Function as_tod() facilitates conversion of R’s time date objects into a numeric value representing the time of day as numerical value with a decimal fraction using one of hour, minute or second as unit of expression.

times <- now(tzone = "UTC") + hours(0:6)
times

## [1] "2022-03-24 22:18:39 UTC" "2022-03-24 23:18:39 UTC"
## [3] "2022-03-25 00:18:39 UTC" "2022-03-25 01:18:39 UTC"
## [5] "2022-03-25 02:18:39 UTC" "2022-03-25 03:18:39 UTC"
## [7] "2022-03-25 04:18:39 UTC"

as_tod(times)

## [1] 22.3108437 23.3108437  0.3108437  1.3108437  2.3108437  3.3108437  4.3108437

as_tod(times, unit.out = "minutes")

## [1] 1338.65062 1398.65062   18.65062   78.65062  138.65062  198.65062  258.65062

Relative air mass

Solar elevation determines the length of the path of the sun beam through the Earth’s atmosphere. This affects the solar spectrum at ground level, specially the UVB region. Function relative_AM() can be used to calculate an empirical estimate of this quantity from elevation angles in degrees. This function is vectorised.

relative_AM(33)

## [1] 1.83

relative_AM(c(80, 60, 40, 20))

## [1] 1.01 1.15 1.55 2.90

Water vapour-related calculations

There are several different empirical equations in common use to estimate water vapour pressure in air over liquid water or ice. This package implements some of them as well as their inverses, which are useful to compute the dew point. Some ancillary functions help with unit conversion and computation of relative humidity.

Saturation vapour pressure in Pa at four air temperatures in C, over water, computed using Tetens equation (the default method).

water_vp_sat(c(0, 10, 20, 30))

## [1]  610.780 1227.873 2338.023 4242.450

Saturation water vapour mass/volume concentration for air at 20 C, expressed in grammes per cubic meter.

water_vp2mvc(water_vp_sat(20), 20)

## [1] 17.27438

Vapour pressure for 50% relative humidity in air at a temperature of 20 C.

water_RH2vp(50, 20)

## [1] 1169.011

And the inverse computation, RH from vapour pressure in Pa and air temperature in C.

water_vp2RH(500, 40)

## [1] 6.780297

Dew point for air with a water vapour pressure of 3 kPa.

water_dp(3000)

## [1] 24.09167

Reference evapotranspiration

Evapotranspiration is a measure of the water flux between land and atmosphere expressed as millimeters of water per unit ground area and unit time.
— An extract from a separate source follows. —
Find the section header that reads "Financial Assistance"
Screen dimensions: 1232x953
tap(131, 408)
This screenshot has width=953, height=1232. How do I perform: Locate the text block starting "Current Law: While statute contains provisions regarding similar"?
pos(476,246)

One millimeter of evapotranspiration or precipitation is equivalent to one litre per square meter. Evapotranspiration is composed of the evaporation from the soil surface and other wet surfaces plus transpiration from plants (water evaporated inside leaves and diffusing as vapour to the outside of leaves). The condensation of dew represents a negative component.

When not measured, evapotranspiration can be estimated based on energy balance and resistances to mass and heat transport. The Penman-Monteith equation is widely used. One special idealized condition is used to compute reference evapotranspiration (similar to potential evapotranspiration but with a standardized formulation by FAO that is widely used in agriculture).
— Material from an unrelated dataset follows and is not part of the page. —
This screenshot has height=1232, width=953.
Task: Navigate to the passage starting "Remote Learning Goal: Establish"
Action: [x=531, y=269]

As implemented the computation of the energy balance is done with function net_irradiance() and using the value returned by this function as one argument, reference evapotranspiration is computed with function ET_ref().
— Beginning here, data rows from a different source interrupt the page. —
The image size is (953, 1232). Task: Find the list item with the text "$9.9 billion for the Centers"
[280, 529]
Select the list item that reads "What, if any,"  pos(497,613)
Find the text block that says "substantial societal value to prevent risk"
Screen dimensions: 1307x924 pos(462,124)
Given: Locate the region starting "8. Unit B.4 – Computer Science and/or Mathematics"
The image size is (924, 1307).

r_net <- net_irradiance(temperature = 20, # C
                        sw.down.irradiance = 800, # W / m2
                        water.vp = 1500) # Pa
r_net # W / m2

## [1] 546.8251

ET_ref(temperature = 20, # C
       water.vp = 1500, # Pa
       wind.speed = 4, # m / s
       net.irradiance = r_net
       )

## [1] 0.9448297

This function returns an estimate of reference evapotranspiration expressed in mm / h. Can be used with hourly means for the inputs or more frequent observations. In all cases the result is expressed as an instantaneous water flux rate expressed per hour.

Function ET_ref_day() should be used when the input data are daily meeans or less frequent.